Implementations exist in a wide range of tools produced by groups at Cambridge University, Osaka University, Seville University, University of Barcelona, and Peking University. Interfaces map the Accord’s blocks into internal data structures for spectrum generators, likelihood calculators, and detector-simulation chains used by researchers at ETH Zurich, University of Bern, University of Geneva, Stockholm University, and Uppsala University. Bindings and parsers have been contributed by teams from University of California, Santa Barbara, University of Liverpool, University of Manchester, Universidad Nacional Autónoma de México, and Pontifical Catholic University of Chile.

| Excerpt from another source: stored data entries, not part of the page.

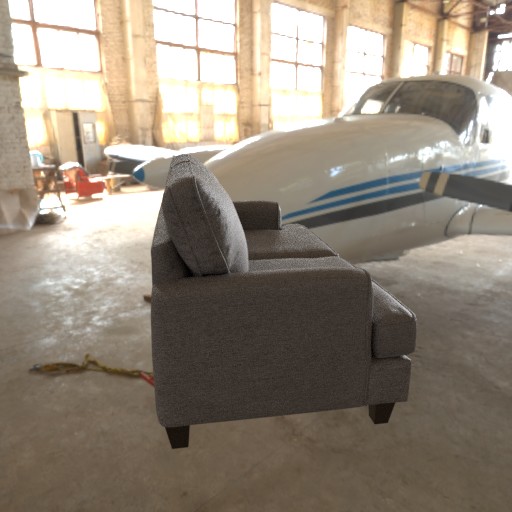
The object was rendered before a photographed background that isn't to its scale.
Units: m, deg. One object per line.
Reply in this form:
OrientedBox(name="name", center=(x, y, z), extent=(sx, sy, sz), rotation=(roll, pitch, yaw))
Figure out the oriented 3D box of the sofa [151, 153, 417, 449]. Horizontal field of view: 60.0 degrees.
OrientedBox(name="sofa", center=(0.000, 0.000, 2.258), extent=(0.965, 0.965, 1.651), rotation=(-3, 16, -9))
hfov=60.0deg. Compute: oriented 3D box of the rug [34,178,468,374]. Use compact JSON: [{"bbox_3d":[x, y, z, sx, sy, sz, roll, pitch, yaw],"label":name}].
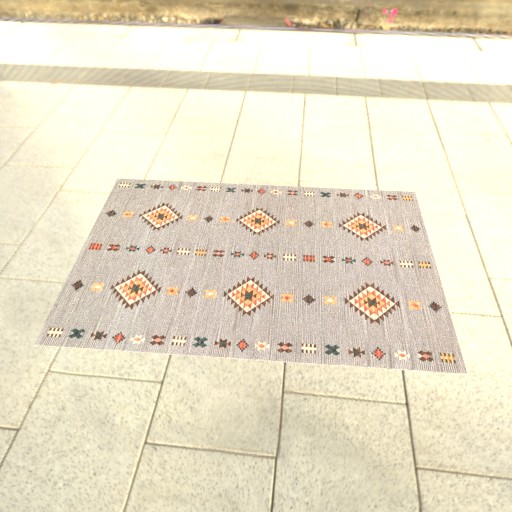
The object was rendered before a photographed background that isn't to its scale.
[{"bbox_3d":[0.000,0.000,2.275,1.818,0.005,1.217,3,45,3],"label":"rug"}]
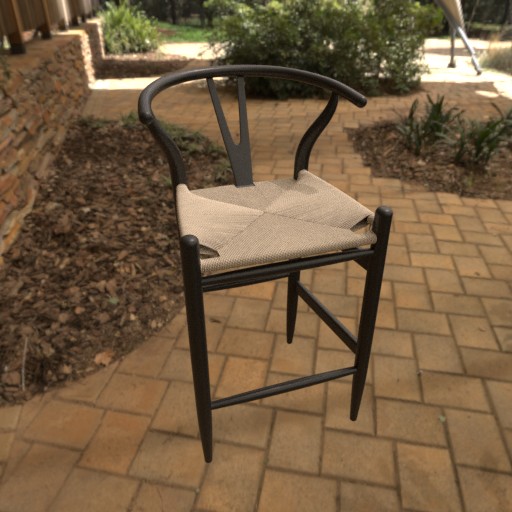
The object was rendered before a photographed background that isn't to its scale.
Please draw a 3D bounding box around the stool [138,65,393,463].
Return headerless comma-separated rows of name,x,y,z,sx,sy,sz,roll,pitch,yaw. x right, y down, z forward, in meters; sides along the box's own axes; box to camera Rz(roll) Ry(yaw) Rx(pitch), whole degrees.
stool,0.000,0.000,1.304,0.569,0.970,0.579,-9,32,-15
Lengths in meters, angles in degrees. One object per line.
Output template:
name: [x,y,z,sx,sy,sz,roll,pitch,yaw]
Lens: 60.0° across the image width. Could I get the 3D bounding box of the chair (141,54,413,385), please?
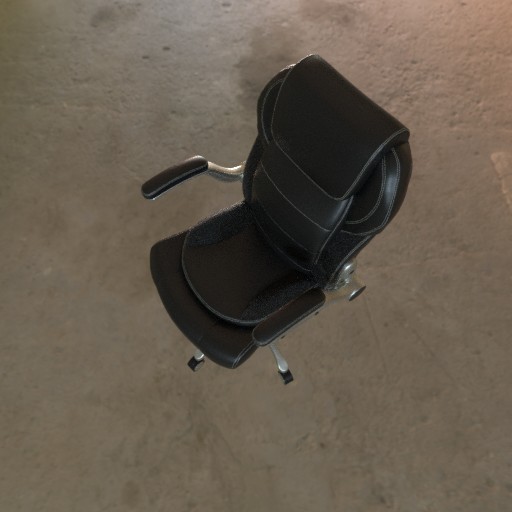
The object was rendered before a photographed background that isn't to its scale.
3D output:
chair: [0.000,0.000,1.621,0.801,1.141,0.724,-33,67,-16]
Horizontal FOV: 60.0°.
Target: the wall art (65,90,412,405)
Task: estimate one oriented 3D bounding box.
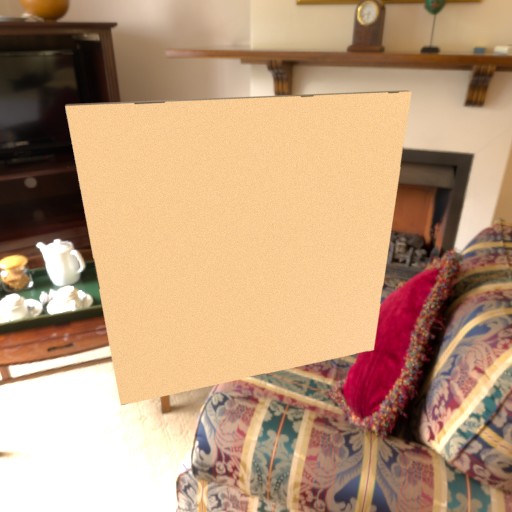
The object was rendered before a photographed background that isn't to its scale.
[{"bbox_3d":[0.000,0.000,0.654,0.446,0.445,0.014,-8,28,-16],"label":"wall art"}]
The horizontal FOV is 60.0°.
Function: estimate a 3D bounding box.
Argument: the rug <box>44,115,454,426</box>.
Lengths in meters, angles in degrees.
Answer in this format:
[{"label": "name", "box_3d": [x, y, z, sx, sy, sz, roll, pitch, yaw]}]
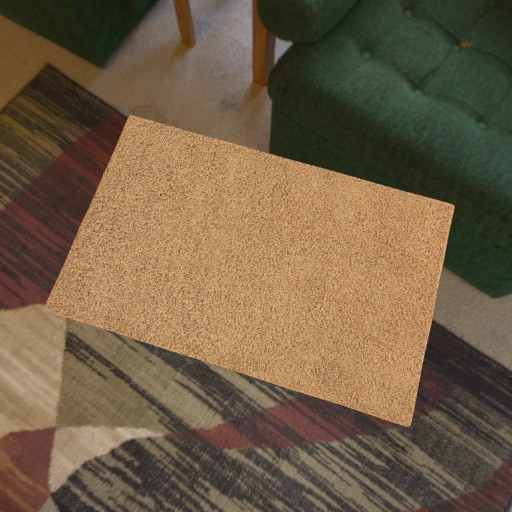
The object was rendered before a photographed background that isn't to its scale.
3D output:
[{"label": "rug", "box_3d": [0.000, 0.000, 3.001, 2.438, 0.030, 1.524, 17, 75, 5]}]
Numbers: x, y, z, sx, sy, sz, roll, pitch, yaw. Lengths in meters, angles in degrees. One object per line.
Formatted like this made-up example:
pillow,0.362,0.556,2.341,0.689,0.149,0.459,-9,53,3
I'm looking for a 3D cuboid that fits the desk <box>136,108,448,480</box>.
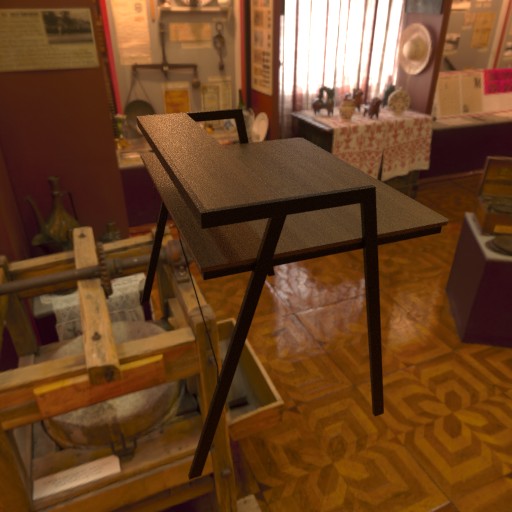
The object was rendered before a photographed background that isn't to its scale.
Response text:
desk,0.000,0.000,1.908,0.936,0.998,1.143,-11,31,-18
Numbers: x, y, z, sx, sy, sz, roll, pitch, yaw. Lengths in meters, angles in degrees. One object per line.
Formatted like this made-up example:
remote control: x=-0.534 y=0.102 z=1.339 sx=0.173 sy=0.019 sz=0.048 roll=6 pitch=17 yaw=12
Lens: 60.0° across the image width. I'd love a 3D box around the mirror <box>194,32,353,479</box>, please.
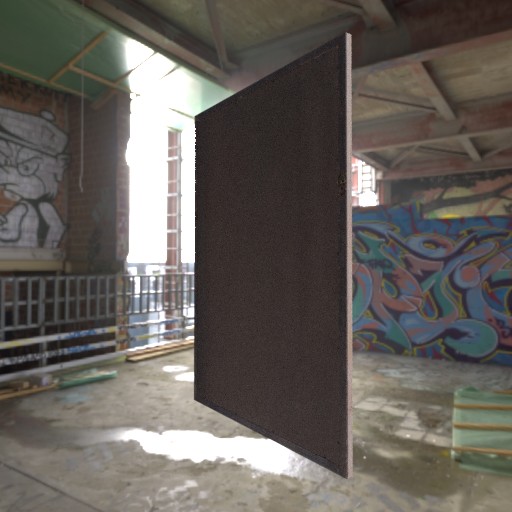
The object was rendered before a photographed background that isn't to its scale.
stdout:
mirror: x=0.000 y=0.000 z=1.275 sx=0.025 sy=0.996 sz=0.705 roll=1 pitch=-1 yaw=-36
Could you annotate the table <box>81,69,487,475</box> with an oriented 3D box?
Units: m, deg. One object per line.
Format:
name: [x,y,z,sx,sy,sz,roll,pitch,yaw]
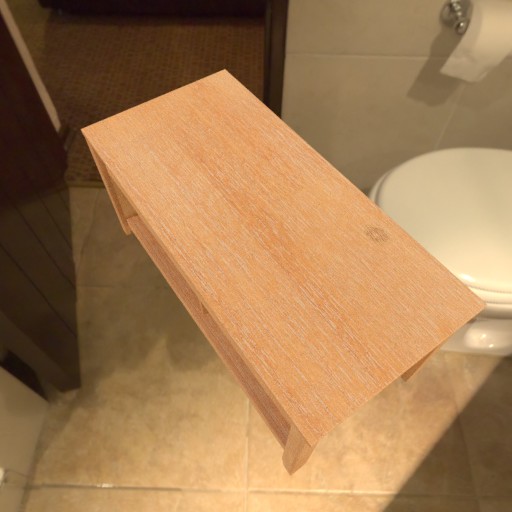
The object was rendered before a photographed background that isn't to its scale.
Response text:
table: [0.000,0.000,1.280,0.483,0.457,1.016,-31,62,-19]
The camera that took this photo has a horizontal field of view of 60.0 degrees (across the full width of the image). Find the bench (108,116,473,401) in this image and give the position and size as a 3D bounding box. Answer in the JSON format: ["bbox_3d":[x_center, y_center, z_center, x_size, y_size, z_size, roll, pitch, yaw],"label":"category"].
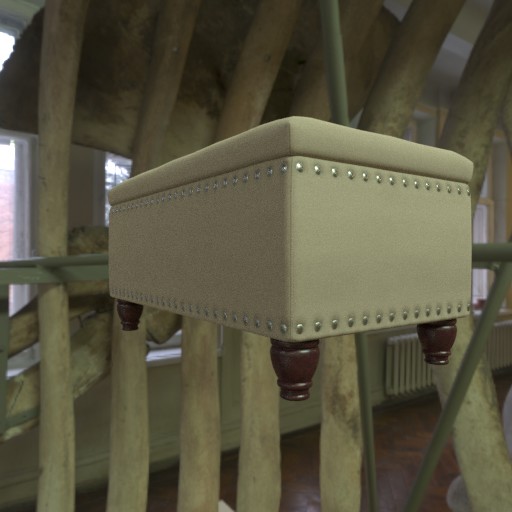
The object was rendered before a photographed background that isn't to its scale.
[{"bbox_3d":[0.000,0.000,1.143,0.500,0.449,0.887,0,0,-35],"label":"bench"}]
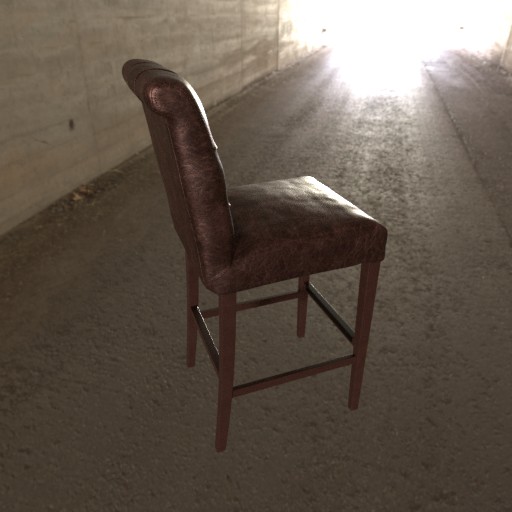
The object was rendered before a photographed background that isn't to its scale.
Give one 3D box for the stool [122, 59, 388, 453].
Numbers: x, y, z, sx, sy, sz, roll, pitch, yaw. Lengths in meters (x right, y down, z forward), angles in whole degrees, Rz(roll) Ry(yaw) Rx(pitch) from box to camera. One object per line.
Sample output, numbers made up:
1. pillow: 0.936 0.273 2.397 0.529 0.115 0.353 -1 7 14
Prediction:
1. stool: 0.000 0.000 1.441 0.659 1.168 0.483 -10 31 -18
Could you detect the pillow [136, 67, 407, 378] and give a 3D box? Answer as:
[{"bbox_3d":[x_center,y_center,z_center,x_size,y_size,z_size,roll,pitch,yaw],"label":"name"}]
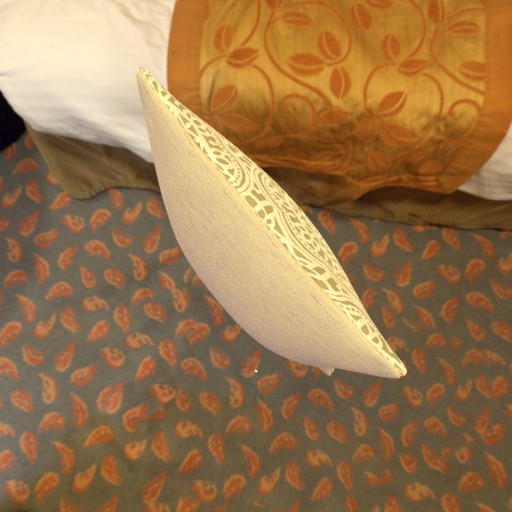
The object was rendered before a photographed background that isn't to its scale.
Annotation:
[{"bbox_3d":[0.000,0.000,0.655,0.167,0.421,0.438,-38,79,-9],"label":"pillow"}]
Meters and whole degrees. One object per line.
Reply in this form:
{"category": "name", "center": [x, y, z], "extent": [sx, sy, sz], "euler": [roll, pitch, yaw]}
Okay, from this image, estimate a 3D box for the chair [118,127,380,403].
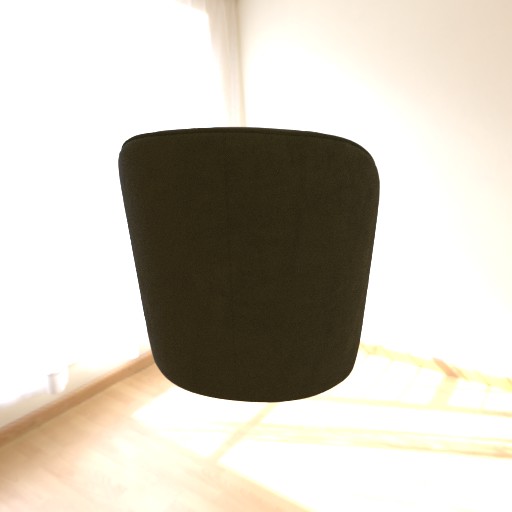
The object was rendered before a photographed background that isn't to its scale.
{"category": "chair", "center": [0.000, 0.000, 1.448], "extent": [0.747, 0.799, 0.875], "euler": [2, 16, 8]}
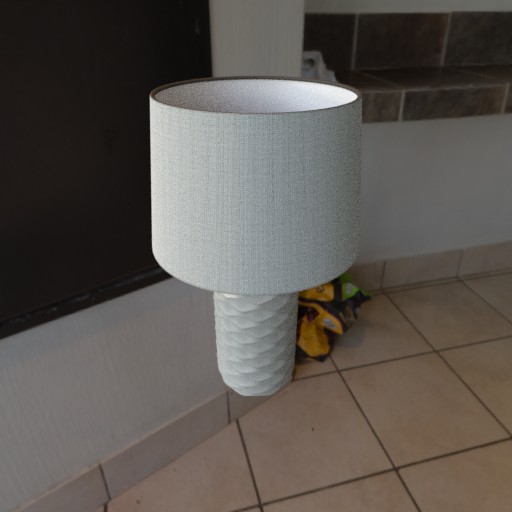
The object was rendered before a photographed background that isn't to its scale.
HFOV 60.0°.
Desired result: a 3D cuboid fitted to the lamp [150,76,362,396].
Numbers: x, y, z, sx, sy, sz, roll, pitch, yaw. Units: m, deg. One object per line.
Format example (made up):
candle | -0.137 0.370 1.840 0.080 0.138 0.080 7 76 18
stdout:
lamp | 0.000 0.000 0.839 0.376 0.594 0.376 0 30 0
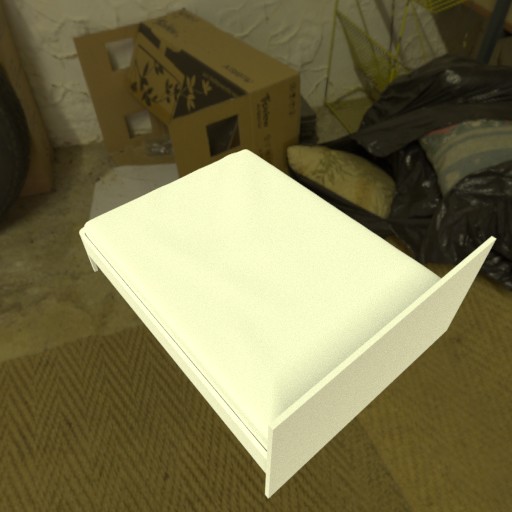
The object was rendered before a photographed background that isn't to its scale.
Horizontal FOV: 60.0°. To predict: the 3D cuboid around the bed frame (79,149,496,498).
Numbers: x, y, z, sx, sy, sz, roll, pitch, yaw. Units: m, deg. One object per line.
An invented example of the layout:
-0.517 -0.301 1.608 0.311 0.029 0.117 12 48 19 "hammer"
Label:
0.000 0.000 2.682 1.490 0.800 1.950 -31 54 -27 "bed frame"
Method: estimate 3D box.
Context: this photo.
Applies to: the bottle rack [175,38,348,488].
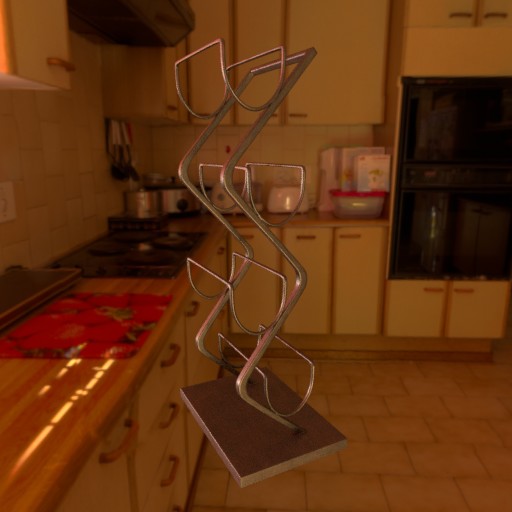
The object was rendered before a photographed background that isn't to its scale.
[{"bbox_3d":[0.000,0.000,0.669,0.178,0.559,0.254,-7,15,-27],"label":"bottle rack"}]
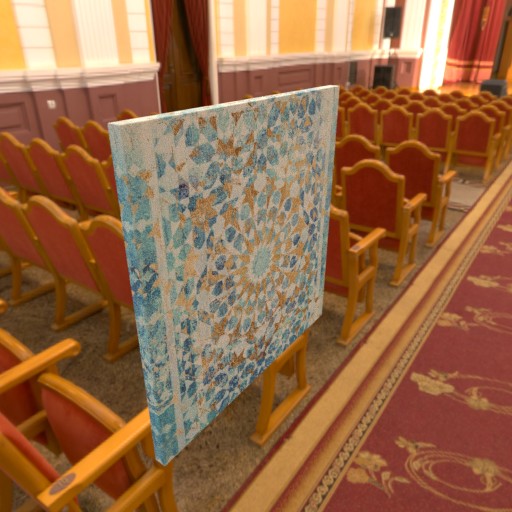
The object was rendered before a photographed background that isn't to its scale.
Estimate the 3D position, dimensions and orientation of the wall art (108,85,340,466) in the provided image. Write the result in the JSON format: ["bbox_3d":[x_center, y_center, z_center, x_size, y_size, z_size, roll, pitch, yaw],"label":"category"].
[{"bbox_3d":[0.000,0.000,1.364,0.040,0.916,0.916,17,31,31],"label":"wall art"}]
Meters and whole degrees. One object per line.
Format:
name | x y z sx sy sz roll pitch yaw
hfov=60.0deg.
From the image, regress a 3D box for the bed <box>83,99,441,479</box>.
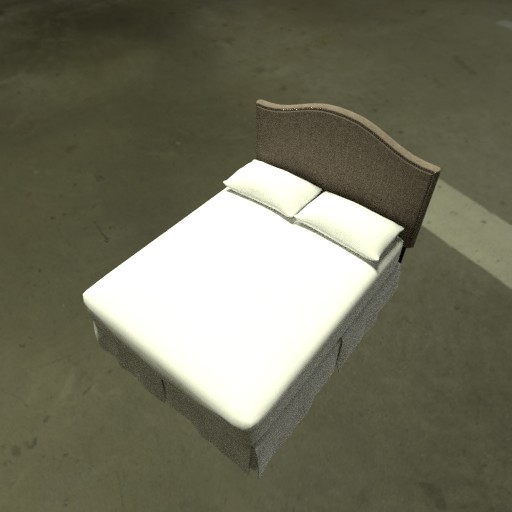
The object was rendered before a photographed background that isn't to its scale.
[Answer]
bed | 0.000 0.000 3.320 1.713 1.518 2.153 30 53 26

The Accord’s adoption facilitated reproducibility and cross-tool comparison across collaborations such as ATLAS, CMS, International Linear Collider community, Belle II experiment, and IceCube Neutrino Observatory analysis groups. It shaped downstream standards discussed at workshops hosted by European Physical Society, American Physical Society, International Conference on High Energy Physics, Lepton-Photon Symposium, and Les Houches Summer School and influenced software ecosystems maintained by consortia at CERN Openlab, HEP Software Foundation, Open Science Grid, and Worldwide LHC Computing Grid. The widespread use across laboratories including Fermilab, DESY, KEK, and universities worldwide underscores its role in coordinating theoretical predictions with experimental searches coordinated by groups in particle physics networks.